I was able to get Lucy tied. Then I rescued the frightened young hen and popped her twisted beak more or less into place. I put her in a covered cage by herself and she survived, although her beak still looks a bit odd. We gave her to a friend and she now lives a life more akin to that of a pet canary than a country chicken, perching on their shoulders and eating from their hands.
However, the troubles are not over. Currently, we are dealing with dominance struggles. When she arrived last summer, Lucy was content to follow the older dog’s lead as Jewels trained her to our farm duties. However, Jewel's Border Collie-dominance eventually has become irksome to her. She resisted Jewel’s attempts to “mind-control” her into a state of near paralysis. Now, even when Jewels seems to have learned the difficult lesson not to try to nip at Lucy nor attempt to hypnotize her, Lucy seems to resent Jewels' presence and periodically lashes into her, seeming intent on wiping out Jewel's very existence. More than once as I struggled to separate them in a fight, I feared Lucy would kill Jewels before I could part them. Most of the time now, we have to keep Jewels separate inside the house or in a small outdoor pen. I had begun to wonder if Lucy was going to work out for us after all.
Then, last Friday afternoon as I was in the barn measuring out the horses' rations to be ready for evening chores, I heard a rustle. There, almost at my feet, was a bright white baby bunny.
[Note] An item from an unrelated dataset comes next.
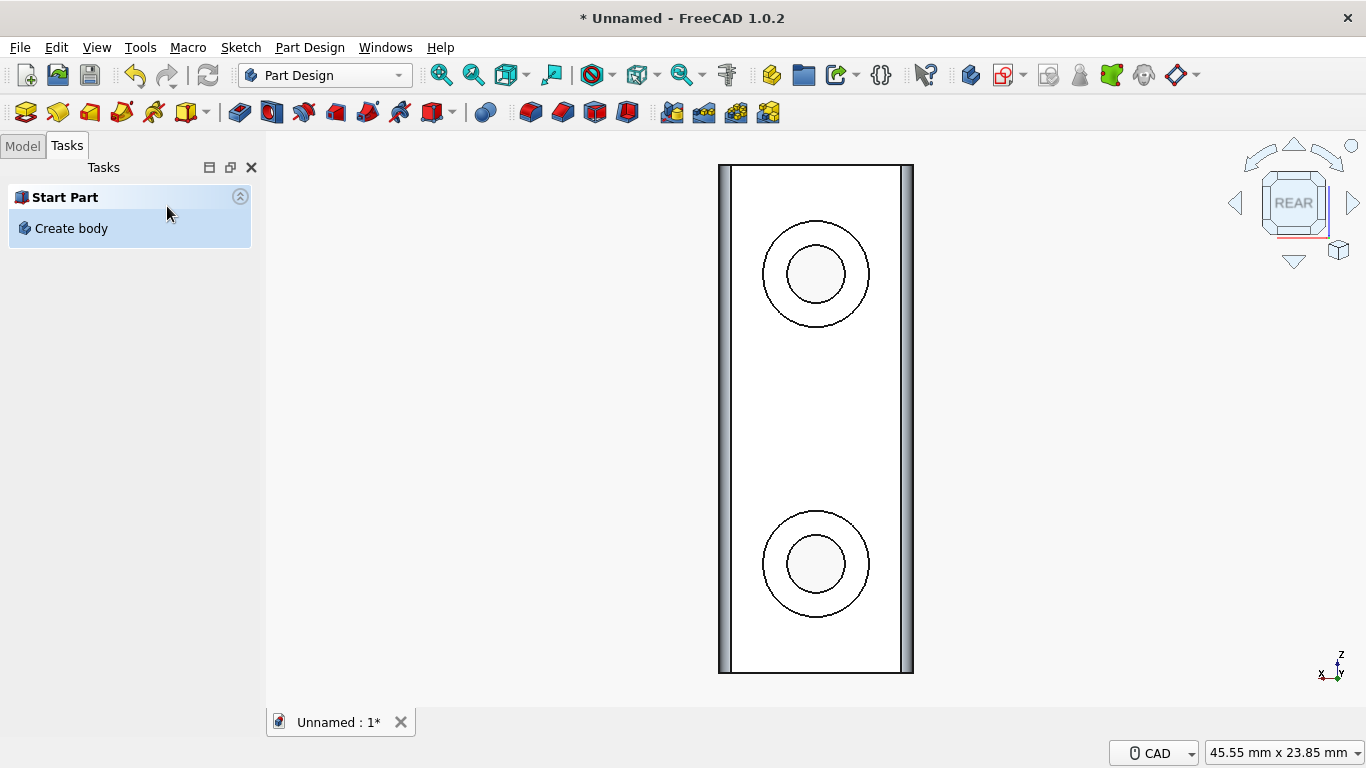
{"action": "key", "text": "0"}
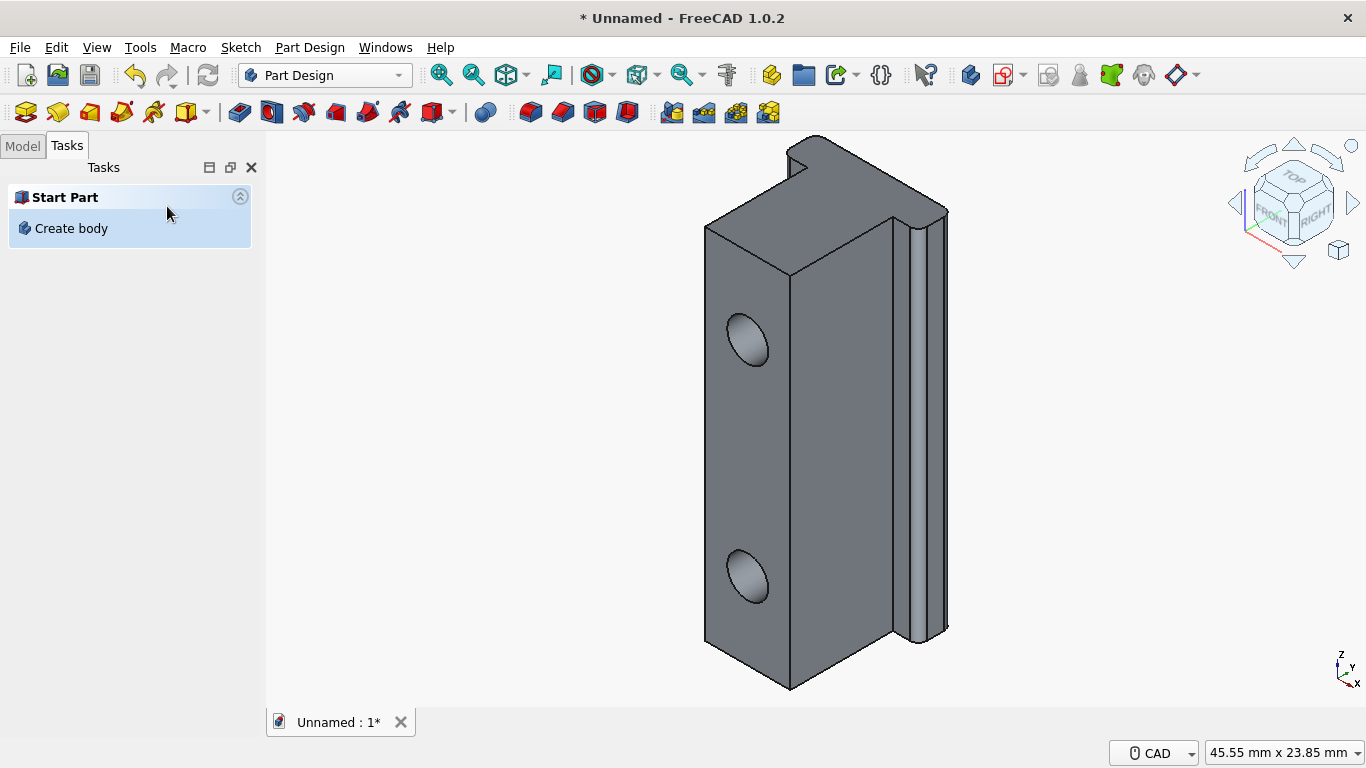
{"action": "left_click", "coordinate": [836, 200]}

Shocked, I managed to scoop up the kit. Last week, before the Artic front dousing Alabama with rare low temperatures arrived, I had moved Black Eyed Susan and her babies to another cage in a more sheltered position. Apparently, however, it was not baby-bunny-proof. Holding the adorably cute three-week-old baby in one hand, I transferred the current occupant of their original cage to a carry cage, plopped the baby back into the cage where it had been born, and looked for the rest of the family to add them back as well.
One of the babies was missing. Shooing away our newest dog, an Australian Shepherd who was seeming way too interested in the rabbits, I searched through the barn, behind cages and equipment and everywhere I could think of. It seemed hopeless. One small bunny in the midst of a world full of potential predators. Who even knew how long it had been lost; I had been inside for some hours after finishing morning chores.
Then I noticed Lucy lying in the middle of the yard about 10 feet from the barn, head alert in on-guard position. Beside her was a small blob of white.
"Oh, no," I breathed as I hurried through the gate, remembering Sully and his mouthful of chick.
Yes, the small white mound lying so still was the missing baby. Hardly believing what I saw, I snatched it up. It was alive and seemingly uninjured. Lucy looked up at me with dignity and I made haste to praise her profusely. The bunny was dirty and slobbery; evidently Lucy had found it somewhere and carried it to that spot and then proceeded to guard it. From the cats? Other dogs? I returned it to the cage with its family; it huddled in the nesting box for some time, but finally started to eat a bit. Within a few days it was hard to tell it from its siblings.
I wish I had a photograph of the two lying there, the small white bunny and the big white guardian dog. I can still see it clearly in my mind's eye. I hope I never forget the wonder of that moment.